The anchor scene to this invisibilization is the protest scene in support of Queen and Slim. Junior, a young Black boy that they just met earlier in the day, shoots a Black cop in the face. In so many ways, this scene represented far beyond what Lena Waithe could design or give meaning to. I did not witness a young Black child reclaiming power; I witnessed the trauma of wanting to be seen and how far some of us would go to be revered in life and death. I witnessed how life and death become the same thing in order to fulfill the emptiness of in-visibility.

Earlier that day, Junior explained to Angela and Ernest that he just wants to be valued, to be fought for, to be seen — like them. But never once does Junior name the context of what pushed Angela and Ernest to kill the cop. The video he watched over and over again showed the details of the provocation that led them there — yet, he only resonates with the impact of how the world shows up for them on the run.

Visibility requires voyeurism. Is our pain real if no one sees it? Is our pain real if no one can be inspired by it? I believe Junior imagined a life where the world fought on his behalf, and made him feel whole in a society that was designed to kill him. This wasn’t about revolution, this was about internalizing the fallacy that our pain is only real if someone else validates it. Our pain is only aesthetically pleasing if someone finds power in it. Junior just wanted to be powerful, and he saw that power became equivalent with trauma. But now, he’s just dead.

Junior wanted to be a representation and aesthetic that can be consumed and digested by the masses, and died to be the corpse the world will wear on their shirt. Like many of us, he fought to become the tropes of trauma so that he could prove his pain was beautiful and riveting. And we only know we’re valuable if an audience devours our flesh and seeks to wear our skin.

While our experiences are political, self-identification of those politics are just as valuable and affirm our agency in a world that strips us of it. We never hear Angela and Ernest discuss what they believe politically — we only assume meaning or do the labor of giving meaning. What’s in a name? Meaning. Intimacy. Life. We never know their names until we can profit from their flesh. We never know who they are because when we see them — we see a costume to wear, we see flesh to relate to, we see our own projections, we see their death wishing for our own.

Many of us fight to be seen because we are told the lie that if we have a legacy to out live us, we live forever. If we have people willing to die in our names, hide us in their safehouses, riot on our behalf, and write about our revolutionary suicide around the world — we are goals. We are the product most consumable, and we become the embodiment of trauma. Trauma becomes our name and our entirety of being. But who are we without trauma? Who are we after it?

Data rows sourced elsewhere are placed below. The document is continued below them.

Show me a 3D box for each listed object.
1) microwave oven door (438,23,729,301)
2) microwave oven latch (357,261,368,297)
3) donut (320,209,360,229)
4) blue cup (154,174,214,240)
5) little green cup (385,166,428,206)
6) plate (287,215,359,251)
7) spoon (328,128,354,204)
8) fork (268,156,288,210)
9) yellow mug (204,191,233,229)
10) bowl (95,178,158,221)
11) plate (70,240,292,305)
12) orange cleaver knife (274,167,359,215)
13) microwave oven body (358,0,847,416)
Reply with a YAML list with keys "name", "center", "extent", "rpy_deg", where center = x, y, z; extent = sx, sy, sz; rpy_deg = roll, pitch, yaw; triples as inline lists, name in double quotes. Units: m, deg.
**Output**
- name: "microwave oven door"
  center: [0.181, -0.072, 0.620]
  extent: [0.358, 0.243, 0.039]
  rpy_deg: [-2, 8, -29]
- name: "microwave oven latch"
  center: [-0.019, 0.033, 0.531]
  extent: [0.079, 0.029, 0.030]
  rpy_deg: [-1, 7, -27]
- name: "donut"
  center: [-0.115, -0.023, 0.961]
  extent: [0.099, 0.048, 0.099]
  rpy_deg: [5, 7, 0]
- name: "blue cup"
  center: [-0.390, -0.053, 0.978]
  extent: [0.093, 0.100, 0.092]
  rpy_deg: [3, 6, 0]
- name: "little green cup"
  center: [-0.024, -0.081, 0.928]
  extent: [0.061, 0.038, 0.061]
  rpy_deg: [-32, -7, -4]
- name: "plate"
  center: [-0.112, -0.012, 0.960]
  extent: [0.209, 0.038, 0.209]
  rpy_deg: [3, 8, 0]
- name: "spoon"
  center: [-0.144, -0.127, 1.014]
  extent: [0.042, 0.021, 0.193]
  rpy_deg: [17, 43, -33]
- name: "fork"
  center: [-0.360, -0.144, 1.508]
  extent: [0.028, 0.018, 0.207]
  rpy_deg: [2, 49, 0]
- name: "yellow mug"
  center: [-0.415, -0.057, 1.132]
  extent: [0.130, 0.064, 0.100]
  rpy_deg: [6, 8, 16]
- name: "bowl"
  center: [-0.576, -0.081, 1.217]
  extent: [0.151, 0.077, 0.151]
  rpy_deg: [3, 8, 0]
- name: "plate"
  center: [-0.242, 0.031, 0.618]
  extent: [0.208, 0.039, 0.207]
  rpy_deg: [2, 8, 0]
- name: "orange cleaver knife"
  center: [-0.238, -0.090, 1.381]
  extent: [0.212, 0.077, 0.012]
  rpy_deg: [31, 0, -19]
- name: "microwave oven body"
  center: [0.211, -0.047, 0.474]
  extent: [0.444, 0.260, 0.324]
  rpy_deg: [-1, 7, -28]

The revolutions we revere are not always for freedom, but sometimes to perform the beauty of freedom. Some of us want to be apart of any fight because our scars become our personality. We become what we’ve survived, and we actively try to get closer to death because we chase it. Death becomes us. And in many ways, Black creatives struggle to differentiate how art imitates death when the story is designed to be one-size-fits-all-Blackness. This is evidenced in Queen and Slim as the creatives of the film invite the audience to become a caricature of nigga-nothingness only to become something in eulogy.

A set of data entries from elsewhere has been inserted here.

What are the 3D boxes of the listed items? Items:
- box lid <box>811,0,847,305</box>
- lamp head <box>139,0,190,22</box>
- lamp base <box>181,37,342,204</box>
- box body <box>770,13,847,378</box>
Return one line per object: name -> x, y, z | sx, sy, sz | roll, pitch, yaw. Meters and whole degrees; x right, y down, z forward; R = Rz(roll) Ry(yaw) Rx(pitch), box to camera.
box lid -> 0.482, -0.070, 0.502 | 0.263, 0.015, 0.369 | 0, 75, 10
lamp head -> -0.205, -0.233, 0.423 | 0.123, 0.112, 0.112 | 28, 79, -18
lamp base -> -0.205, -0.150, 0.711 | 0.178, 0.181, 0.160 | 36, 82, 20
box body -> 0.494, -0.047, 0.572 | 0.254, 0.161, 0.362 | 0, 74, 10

Our pain is not our name. We are not skin for audiences to wear. We are not flesh to be devoured and regurgitated. We are not trauma tropes to parade like costumes. We are not masturbation vessels to be projected onto, desired, and consumed. We become fractions when our bodies are only weapons for revolution. Our names, our stories, and our intimacies makes us whole. There is no future if our flesh never unites with our being, and if our work never intimates with our bodies. We are rhymeless, grammatically incorrect, and so deeply complicated before we are ever poetic lullabies to feed those starving for purpose.